Jampp specializes in boosting mobile sales for client's apps via RTB advertising. Mounted on a real-time Big Data and Machine Learning infrastructure that captures and analyze billions of data points per hour to maximize return on spend.
As a technical leader of a five people team, I was in charge of building heterogeneous ML systems which would improve relevant business metrics and problems. We addressed topics that ranged fraud, product recommendations, user segmentations and clusterings, via unsupervised and supervised Machine/Deep Learning algorithms.
Some of the projects deployed were:
Deep Clustering algorithms on mobile user sessions to create embeddings from user behaviour to user characterization as input for clustering algorithms based on w2v embeddings. Increase of +10% of CPI in all tests.
Generic Product recommendations tool for all mobile apps using the open-source Surprise lib and Airflow. Improved CPA by +35% and CTR by +5% in all product tests.
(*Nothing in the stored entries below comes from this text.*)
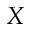Convert formula to latex. <formula><loc_0><loc_0><loc_500><loc_500>X</formula> 
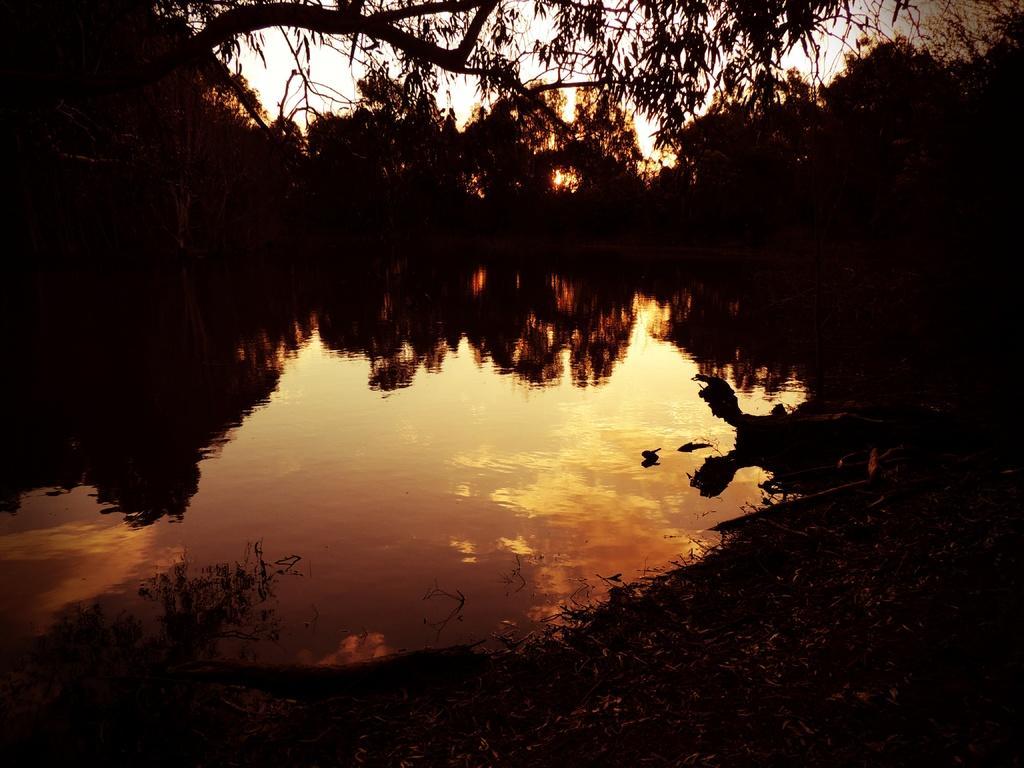Could you give a brief overview of what you see in this image? This picture is dark, we can see water, trees and sky. On this water we can see reflection of trees and sky with clouds. 
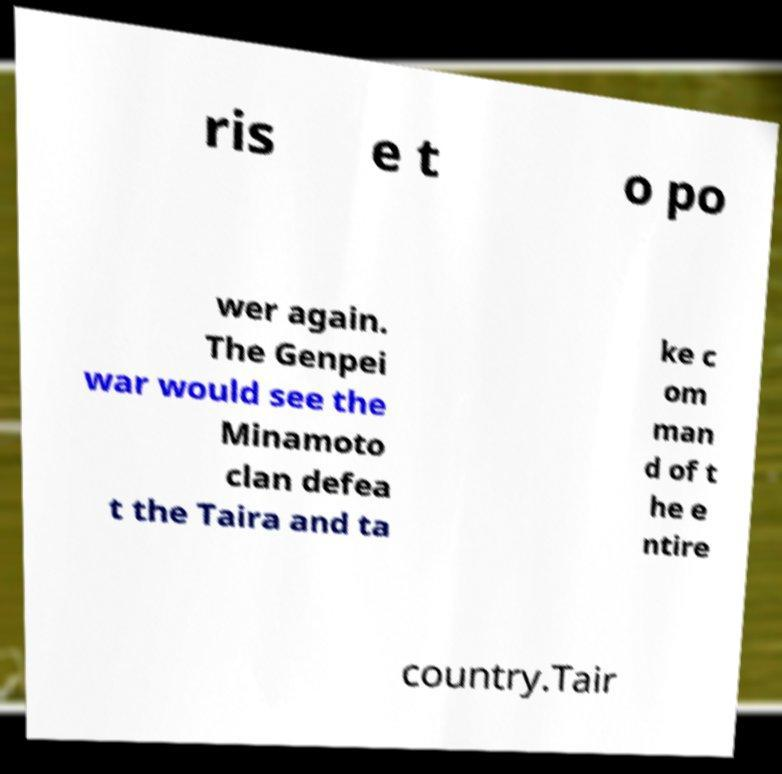Please identify and transcribe the text found in this image. ris e t o po wer again. The Genpei war would see the Minamoto clan defea t the Taira and ta ke c om man d of t he e ntire country.Tair

Researched the state of the art on Randomized Control Trials (also known as A/B tests) for the ad industry. Documented and evangelized proper RCT operations for sales and business teams for the current ad-RCT product. The solution provided statistical validity to +5% of uplift in advertising spend.
Researched, modeled and deployed an anti-fraud algorithm using complex statistical and clustering methods to tackle publishers engaged in click-spamming and click-injection. The solution helped account managers to save accounts that ran budgets in excess of one million dollars.
Researched, prototyped , developed and fully integrated a customer segmentation algorithm in Python. Tested with Random Forests, Logistic Regression and Naive Bayes models to score users in their propensity to make an in-app-purchase based on past behaviour. This project lead to a clear increase of the RTB revenue stream of the company.
Wrote, edited and reviewed the company’s technical blog posts on data science.
Implemented an internal data-science visualization web-app with Bokeh. This portal allows non-tech users to interact with Data's product with rich interactive visualizations.
Helped design and implement the ETL pipeline using Airflow for all products owned by the Data Science Team and using the infrastructure built over Hive, Presto, S3 and MySQL.
Promoted the in-company use of SQL querying, Python and Jupyter Notebooks to non-technical users by providing hands-on training and online slack discussions. This empowered users to build their own tailored analytics solutions to business-related problems, without solely relying on tech data-teams.